> Material to process:
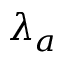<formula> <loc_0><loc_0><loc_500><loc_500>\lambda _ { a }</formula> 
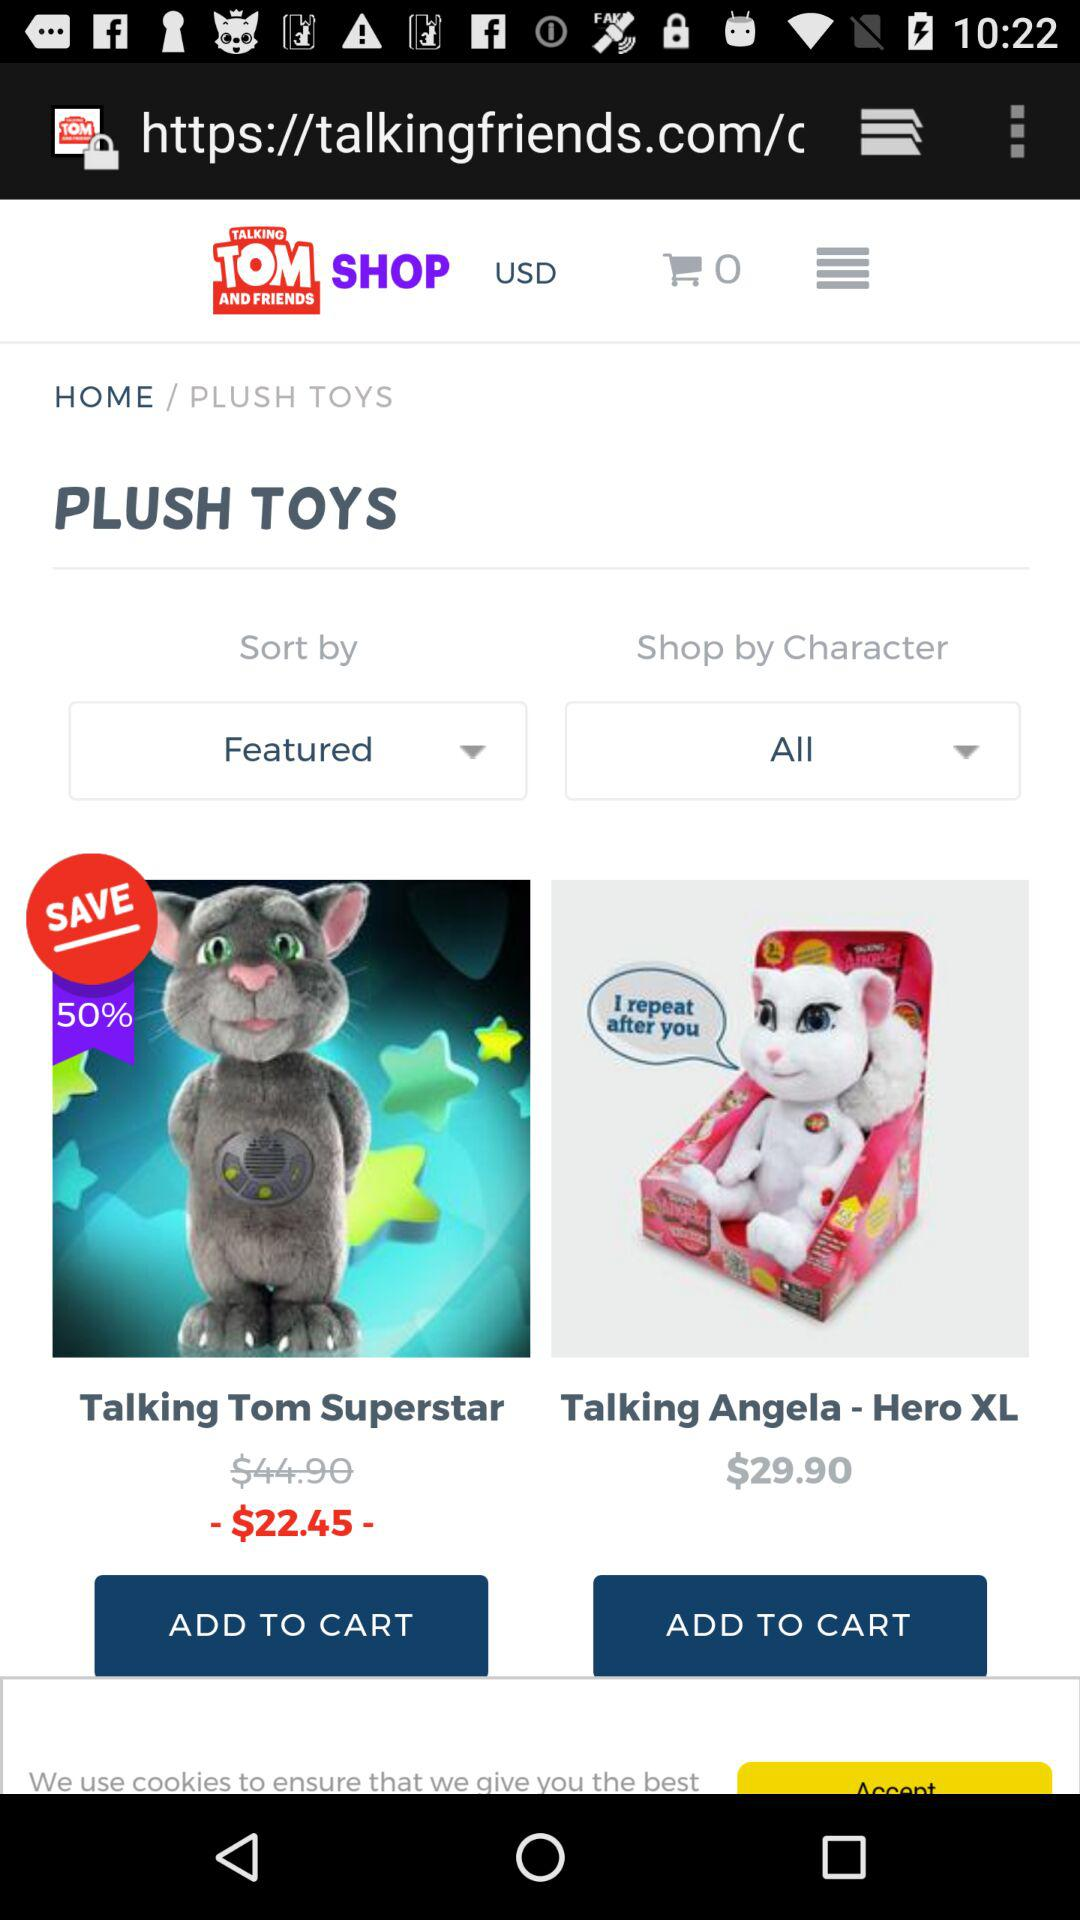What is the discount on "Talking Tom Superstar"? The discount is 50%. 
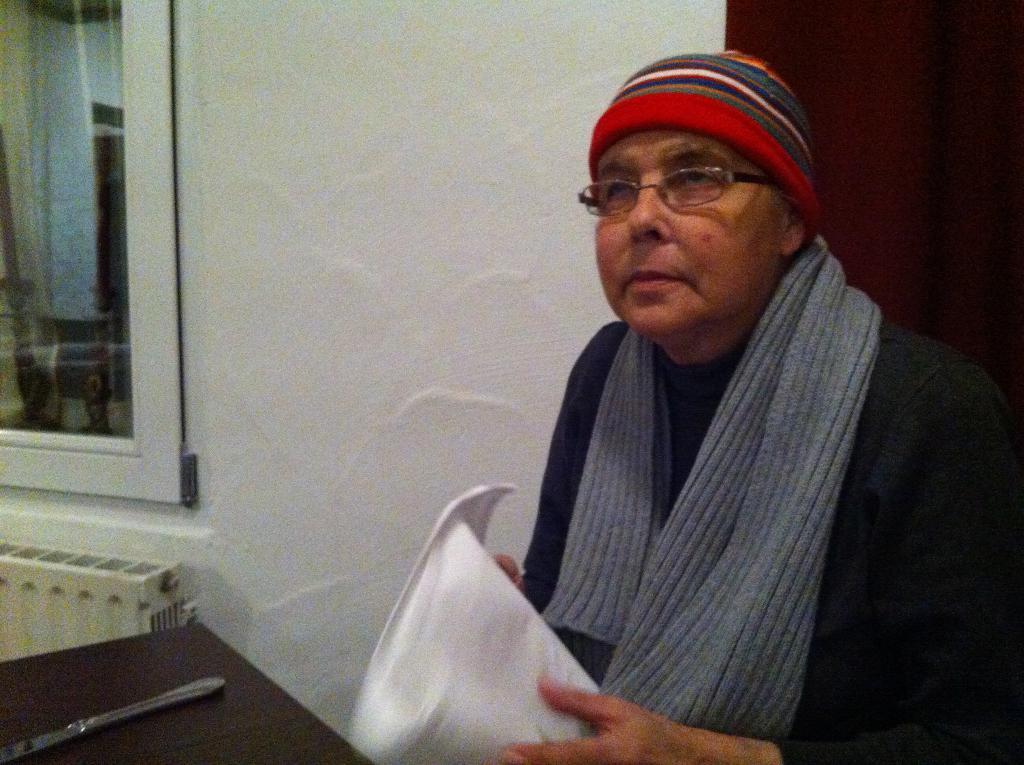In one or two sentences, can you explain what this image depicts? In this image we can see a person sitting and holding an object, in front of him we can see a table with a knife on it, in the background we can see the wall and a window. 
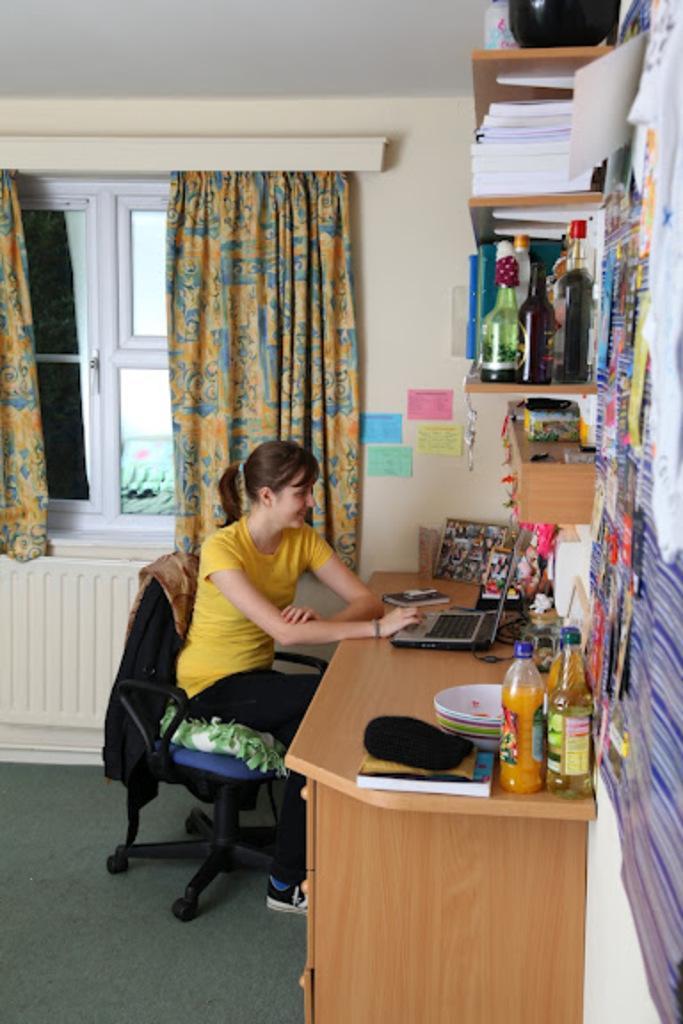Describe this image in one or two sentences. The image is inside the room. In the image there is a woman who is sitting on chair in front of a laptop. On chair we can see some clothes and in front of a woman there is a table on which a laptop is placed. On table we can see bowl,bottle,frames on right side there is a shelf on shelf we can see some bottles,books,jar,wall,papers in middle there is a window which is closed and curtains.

==

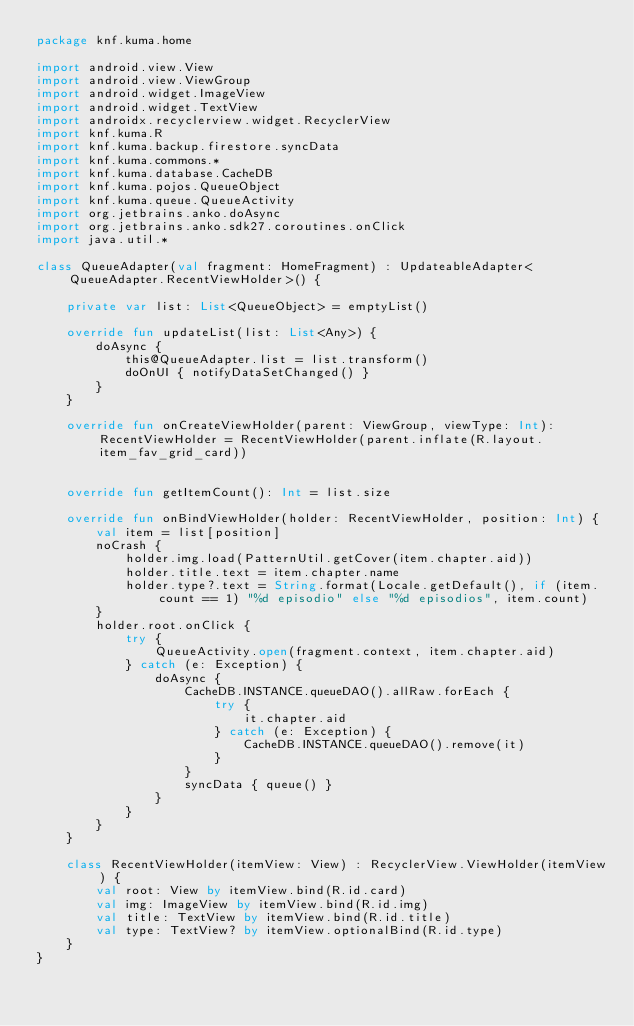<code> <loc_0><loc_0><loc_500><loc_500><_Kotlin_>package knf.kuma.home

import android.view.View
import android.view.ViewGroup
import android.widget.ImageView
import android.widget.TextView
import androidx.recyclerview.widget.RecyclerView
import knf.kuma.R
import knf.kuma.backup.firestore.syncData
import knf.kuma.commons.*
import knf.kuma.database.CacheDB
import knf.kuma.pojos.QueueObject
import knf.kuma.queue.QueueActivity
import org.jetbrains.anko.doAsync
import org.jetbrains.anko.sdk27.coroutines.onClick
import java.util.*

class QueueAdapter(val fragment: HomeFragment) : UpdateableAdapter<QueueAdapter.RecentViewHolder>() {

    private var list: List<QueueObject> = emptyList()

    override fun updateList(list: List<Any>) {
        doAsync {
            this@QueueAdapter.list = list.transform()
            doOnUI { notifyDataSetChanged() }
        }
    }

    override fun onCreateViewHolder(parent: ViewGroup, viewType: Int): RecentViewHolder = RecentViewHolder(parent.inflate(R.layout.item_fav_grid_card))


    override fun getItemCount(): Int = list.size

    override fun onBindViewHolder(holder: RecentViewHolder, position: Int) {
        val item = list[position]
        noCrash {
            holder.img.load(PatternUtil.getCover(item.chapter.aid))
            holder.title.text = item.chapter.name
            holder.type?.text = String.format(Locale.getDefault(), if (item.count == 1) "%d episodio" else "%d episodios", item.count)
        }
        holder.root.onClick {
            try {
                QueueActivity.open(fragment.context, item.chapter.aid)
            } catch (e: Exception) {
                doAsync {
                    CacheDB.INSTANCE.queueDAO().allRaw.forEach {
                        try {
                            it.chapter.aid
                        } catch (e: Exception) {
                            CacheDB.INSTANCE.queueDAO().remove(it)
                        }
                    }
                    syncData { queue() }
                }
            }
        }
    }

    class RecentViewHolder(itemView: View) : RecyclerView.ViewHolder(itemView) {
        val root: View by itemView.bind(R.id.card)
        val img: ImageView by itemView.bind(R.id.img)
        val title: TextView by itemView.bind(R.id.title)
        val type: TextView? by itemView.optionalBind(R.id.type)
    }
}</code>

> Task details: From the records above, return each line that includes "fragment".

> Response to the exercise:
class QueueAdapter(val fragment: HomeFragment) : UpdateableAdapter<QueueAdapter.RecentViewHolder>() {
                QueueActivity.open(fragment.context, item.chapter.aid)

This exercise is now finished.